I was at university Hospitals Bristol. To get to speak to a lung cancer specialist nurse you are vetted by an answer phone and getting a reply was hit or miss. They seemed keen to fend off questions with bland answers probably from Google. Often they didn't respond. Better of going it alone, contrary to the "No one should face cancer on their own" myth. I do hope things improve for you. Which area are you under?
oh my goodness Llanigirl bless ya little cottons. Firstly do not apologise for ranting. Better out than in and is good to vent. I have a family member who has lung cancer and in comparison to what you have gone through with the medical profession we cannot complain.
Yes been long winded and seemed as if we were getting fobbed off but in fairness to the medical profession they have been brilliant.
Unfortunately my family member is of the opinion oh well they will get in touch soon, but being a bossy old boots and much as I feel for everyone else, I will not leave everything to the professionals and wait until they get back to us. So unbeknown to my family member I and another family member made things happen.
And by making things happen I mean telephone calls, email speaking to the local doctor and so on.
Reading what you have gone through my heart goes out to you.
I am flabbergasted that you have a time limit. Pardon the French but bollocks to that and if you have a question then ask it. Yes I know there are other people waiting and they have a time to see the doctor and everyone and their diagnosis is precious, but this is unacceptable.

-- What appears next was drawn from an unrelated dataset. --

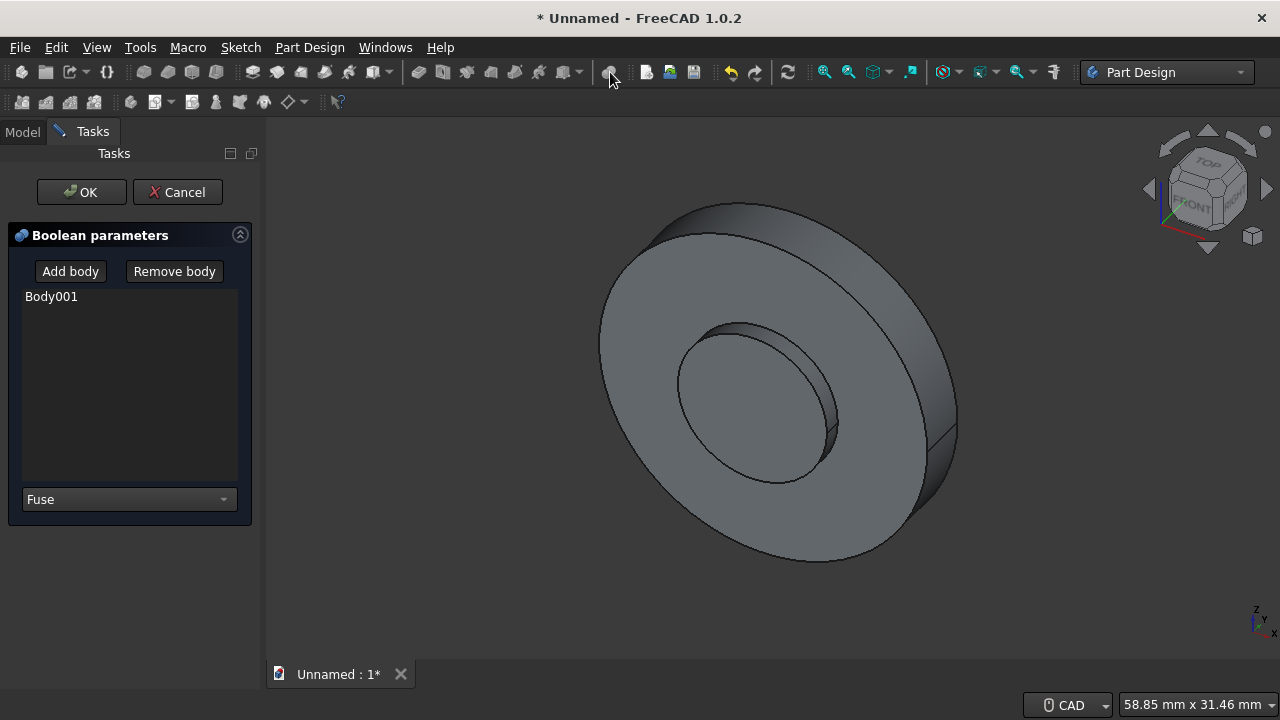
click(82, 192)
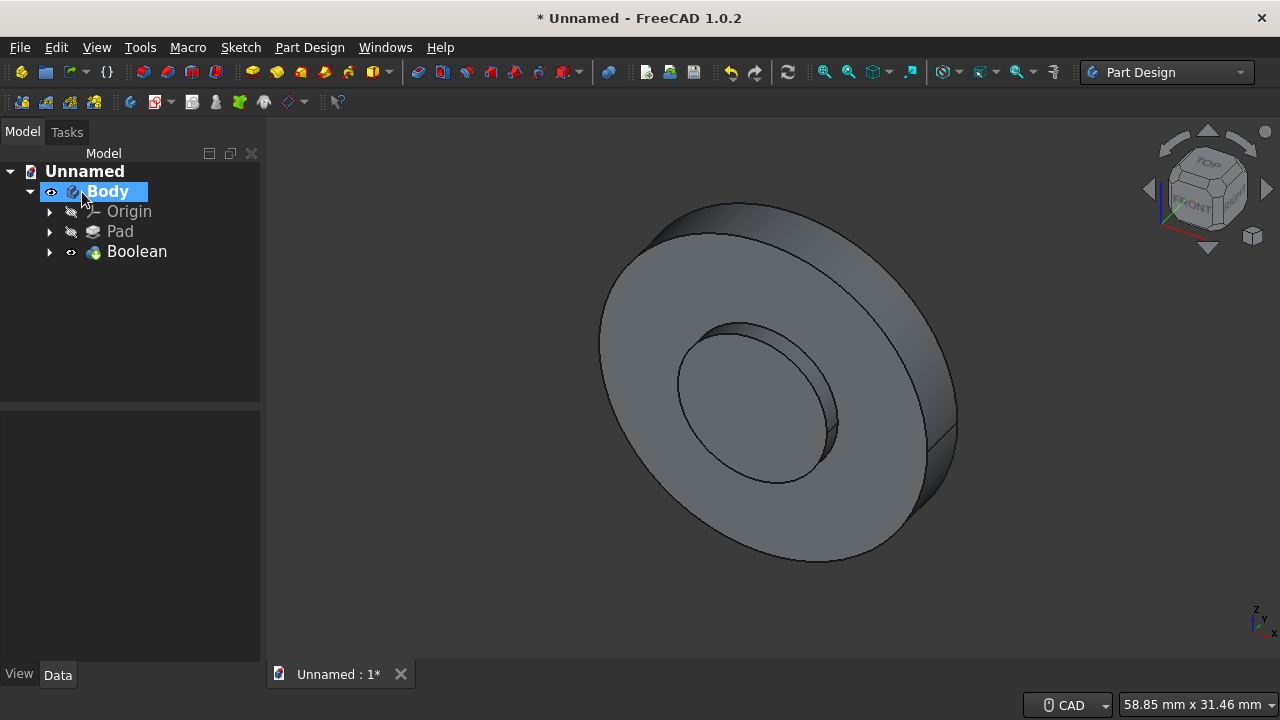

Not sure which area you are in but if that were to happen to my family they would be the ones needing assistance!!
Honestly do not understand the stage you are at but please do not be dictated to and I do hope that you make the right decision for you.
You are NOT alone and as suggested get a second opinion - along with this site there is the macmillan site so you may want to have a look at that it may help.
Please stay strong and don't let these bad experiences get the better of you.